Attending 4 out of 5 nights in London, I experienced 8 squashed tube journeys, waited 12 hours to get a view from the standing barrier twice, witnessed 2 drone malfunctions and caught 1 guitar pic, all on one epic tour.
Think of your most precious gig moments then compare them with spectacular strobe lighting, grand visuals of a dystopian future of mass destruction, live projections of the band on stage, an in-the-round stage that moves 360 degrees and frighteningly realistic inflatable drones and reapers.
Now, that’s something you don’t experience at your average rock gig, but I guess that’s just your average Muse gig.
Read on for my experience of Muse’s Drones Tour.
An arena full of avid Muse fans awaited the epic show ahead; pleasing this crowd of diverse but loyal Musers would be a challenge to any support act.
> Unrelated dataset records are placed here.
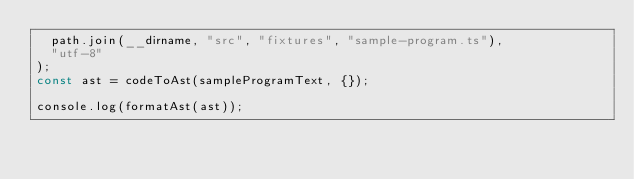Convert code to text. <code><loc_0><loc_0><loc_500><loc_500><_JavaScript_>  path.join(__dirname, "src", "fixtures", "sample-program.ts"),
  "utf-8"
);
const ast = codeToAst(sampleProgramText, {});

console.log(formatAst(ast));
</code> 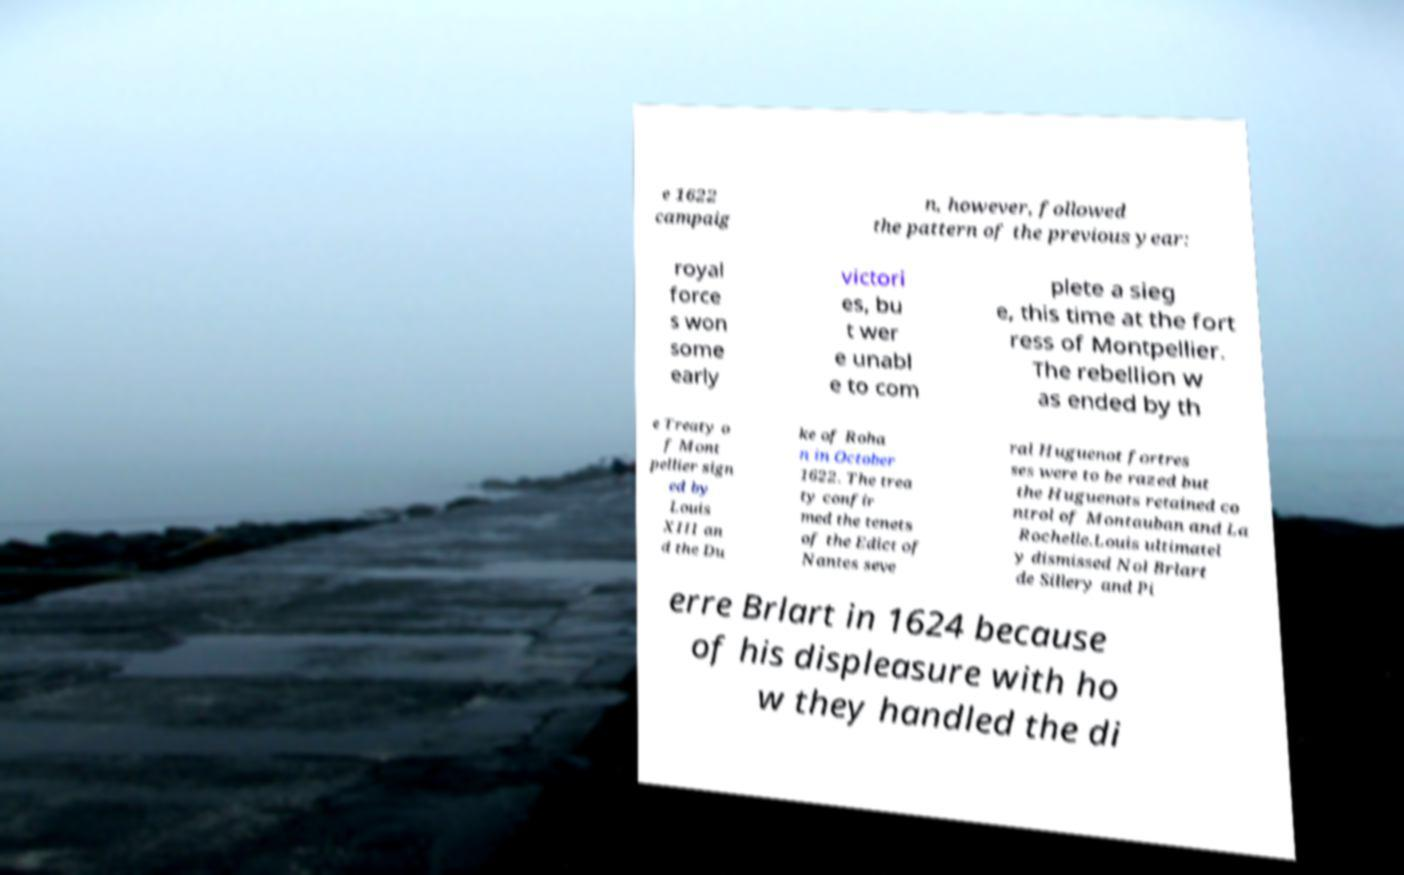I need the written content from this picture converted into text. Can you do that? e 1622 campaig n, however, followed the pattern of the previous year: royal force s won some early victori es, bu t wer e unabl e to com plete a sieg e, this time at the fort ress of Montpellier. The rebellion w as ended by th e Treaty o f Mont pellier sign ed by Louis XIII an d the Du ke of Roha n in October 1622. The trea ty confir med the tenets of the Edict of Nantes seve ral Huguenot fortres ses were to be razed but the Huguenots retained co ntrol of Montauban and La Rochelle.Louis ultimatel y dismissed Nol Brlart de Sillery and Pi erre Brlart in 1624 because of his displeasure with ho w they handled the di

Though, New Yorkers, Phantogram, had comfortably faced the crowds 20+ times before, so they performed with a confidence unseen in most support acts.
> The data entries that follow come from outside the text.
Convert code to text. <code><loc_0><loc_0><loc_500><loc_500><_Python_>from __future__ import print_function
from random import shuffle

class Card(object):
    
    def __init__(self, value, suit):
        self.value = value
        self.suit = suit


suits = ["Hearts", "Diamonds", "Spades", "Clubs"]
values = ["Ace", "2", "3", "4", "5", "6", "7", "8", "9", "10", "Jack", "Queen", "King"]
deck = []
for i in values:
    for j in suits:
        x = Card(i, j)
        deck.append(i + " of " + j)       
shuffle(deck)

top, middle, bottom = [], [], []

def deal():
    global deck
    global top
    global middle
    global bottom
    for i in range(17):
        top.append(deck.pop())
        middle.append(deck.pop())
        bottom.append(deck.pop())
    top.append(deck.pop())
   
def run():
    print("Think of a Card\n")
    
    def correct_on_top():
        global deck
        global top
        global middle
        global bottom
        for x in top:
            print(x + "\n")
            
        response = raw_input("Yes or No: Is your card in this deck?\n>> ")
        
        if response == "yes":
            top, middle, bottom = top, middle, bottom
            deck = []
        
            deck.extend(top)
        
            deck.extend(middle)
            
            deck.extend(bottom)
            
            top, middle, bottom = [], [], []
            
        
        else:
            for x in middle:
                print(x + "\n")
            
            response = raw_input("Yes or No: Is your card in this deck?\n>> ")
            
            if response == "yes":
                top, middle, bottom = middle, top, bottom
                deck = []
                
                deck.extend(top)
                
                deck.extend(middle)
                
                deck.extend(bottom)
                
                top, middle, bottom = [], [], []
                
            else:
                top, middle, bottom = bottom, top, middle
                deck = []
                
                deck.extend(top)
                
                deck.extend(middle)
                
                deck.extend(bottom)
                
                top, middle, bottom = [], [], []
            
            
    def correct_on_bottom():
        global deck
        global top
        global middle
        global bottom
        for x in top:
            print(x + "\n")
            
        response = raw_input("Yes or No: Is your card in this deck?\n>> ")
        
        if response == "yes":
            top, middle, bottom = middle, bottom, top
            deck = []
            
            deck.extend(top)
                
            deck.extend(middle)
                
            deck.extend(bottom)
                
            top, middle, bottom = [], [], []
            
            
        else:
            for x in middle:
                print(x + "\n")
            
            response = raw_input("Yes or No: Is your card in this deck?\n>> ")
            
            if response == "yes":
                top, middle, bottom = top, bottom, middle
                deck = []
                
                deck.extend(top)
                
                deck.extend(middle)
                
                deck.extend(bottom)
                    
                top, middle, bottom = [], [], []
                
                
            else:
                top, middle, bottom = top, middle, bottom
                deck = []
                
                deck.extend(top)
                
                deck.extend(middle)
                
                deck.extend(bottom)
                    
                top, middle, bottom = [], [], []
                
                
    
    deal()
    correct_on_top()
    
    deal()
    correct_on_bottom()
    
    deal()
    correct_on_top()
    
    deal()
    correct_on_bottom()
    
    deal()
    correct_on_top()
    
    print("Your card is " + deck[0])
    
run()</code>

The duo played favourable tracks, ‘Fall in Love’ and ‘Howling At The Moon’ from their latest album, ‘Voices’. Sarah Barthel bounced around the stage, exuding an authentic passion for the beats Josh Carter and co. played. Fans welcomed the calls to clap as Phantogram provided a light but likable set, greatly balancing the grand performance to come.
Beginning and ending the show with a dozen eerie Drones descending into the crowd, the O2 looked more like an expensive set for sci-fi show ‘Doctor Who’ than a rock gig. As the operatic acapella track, ‘Drones’ filled the arena, there was a quiet moment of awe at the first technical spectre of the night. The final echo of ‘Amen’ from the playback penetrated the arena, forcing the crowd into a euphoric wave of excitement as the band finally took to the stage.
Starting off heavy with crowd-pleasing rockers ‘Psycho’ and ‘Reapers’, Muse began the show that effortlessly enthralled one’s senses. At £70+ a ticket, it was definitely worth the expense for an interesting night out. If the epic lighting, ubiquitous drones, and live projections didn’t impress, watching Matt Bellamy take to the grand piano during rare performances of ‘Citizen Erased’ and Muse’s rendition of ‘Feeling Good’ were bound to keep anyone amazed.
The magnitude of the show brought a record-breaking 21,000 fans along, beating U2’s record for the largest crowd turn out. Topping U2 crowds, matching the theatrical musical heights of Queen and staging on par with Pink Floyd’s ‘The Wall’ tour. With legendary name drops like this, their gigs have to be nothing less than epic.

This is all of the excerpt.